Date: 08/09/2002 at 08:43:00
From: Timo Petmanson
Subject: Sine and cosine maths

Hello, 

I need to know how to calculate an angle between two 2D points. I know 
how to calculate a new point by angle, but I can't figure out how 
otherwise.

Calculating by angle:

a = 143 // this is the angle
x = 1   // 2d point x coord
y = 1   // 2d point y coord
u = 3   // how many units we change coords

So, if we want to change point's coordinates by angle, then we must 
do:

x = x + SIN(a * (pi / 180)) * u  // (pi / 180)radians to degrees
y = y + COS(a * (pi / 180)) * u  // I hope I didn't change sin and cos

but what must I do to calculate the angle?

x1 = 1
y1 = 1
x2 = (-1)
y2 = (-5)

0
|      (x2,y2)
|      /
|angle/
|    /
|   /
|  /
| /
(x1,y1)------------ 90
|
|
|
|
|
|
|
180

I hope you understood my problem. Thanks.

Timo


Date: 08/09/2002 at 09:48:14
From: Doctor Rick
Subject: Re: Sine and cosine maths

Hi, Timo.

Yes, I understand: you know how to find the coordinates of a point 
given the starting point, angle and distance, but you don't know how 
to do the reverse - calculate the angle given the starting point and 
ending point. (You probably do know how to calculate the distance.)
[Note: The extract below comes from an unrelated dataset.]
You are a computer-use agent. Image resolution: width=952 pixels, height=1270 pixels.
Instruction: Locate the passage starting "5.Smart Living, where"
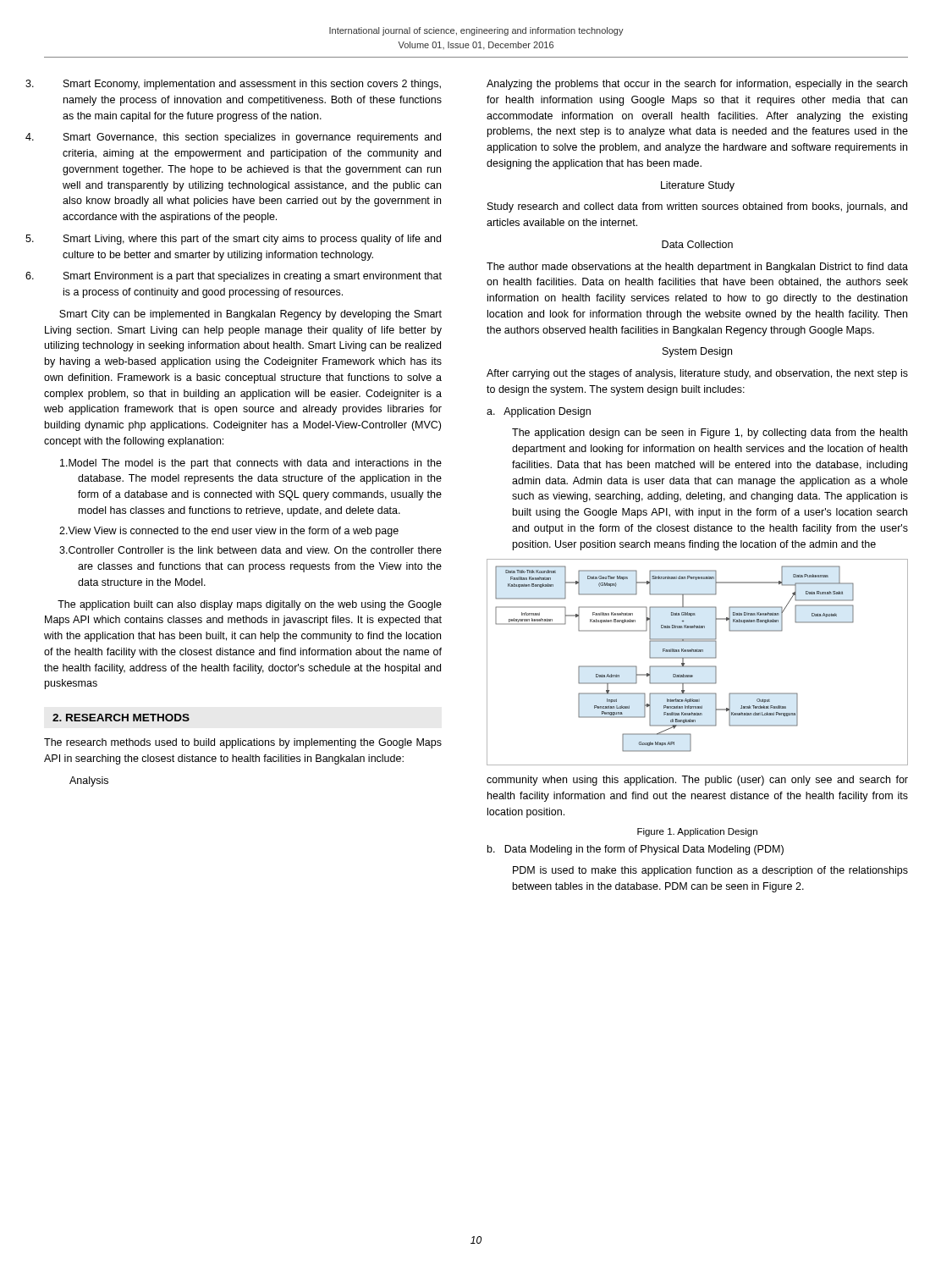(243, 246)

We can take your equations as a starting point. You did have sin and 
cos interchanged, if the angle is measured counterclockwise from the 
positive x axis as we usually do. I'll call the two points (x1,y1) 
and (x2,y2).

  x2 = x1 + cos(a * (pi / 180)) * u
  y2 = y1 + sin(a * (pi / 180)) * u

Subtract the starting point coordinates:

  x2 - x1 = cos(a * (pi / 180)) * u
  y2 - y1 = sin(a * (pi / 180)) * u

Divide the second equation by the first:

  (y2-y1)/(x2-x1) = (sin(a*pi/180)*u)/(cos(a*pi/180)*u)
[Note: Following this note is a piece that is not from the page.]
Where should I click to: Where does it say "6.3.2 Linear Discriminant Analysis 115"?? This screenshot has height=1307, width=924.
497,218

What is sin/cos? It's the tangent.

  (y2-y1)/(x2-x1) = tan(a*pi/180)

We can find the angle by taking the inverse tangent (arctan) of both 
sides:

  a*pi/180 = arctan((y2-y1)/(x2-x1))

  a = 180/pi * arctan((y2-y1)/(x2-x1))

There's your formula. However, there are some tricky things to add. 
One is that x2 may equal x1, and you'll get a divide-by-zero error. 
Another is that the arctan won't distinguish between the angle from 
point 1 to point 2 and the angle from point 2 to point 1. These should 
be 180 degrees apart, but they will come out identical. In summary, to 
do it right, you need to consider separate cases for x2-x1 negative, 
zero or positive.

It looks as if you're writing a program in C++. If so, check out the 
function atan2(y,x). It computes the arctangent of y/x, and it takes 
care of those special cases too, because it is designed for exactly 
the sort of thing you are doing.

- Doctor Rick, The Math Forum
  http://mathforum.org/dr.math/ 


Date: 08/20/2002 at 14:10:09
From: Timo Petmanson
Subject: Thank you (sine and cosine maths)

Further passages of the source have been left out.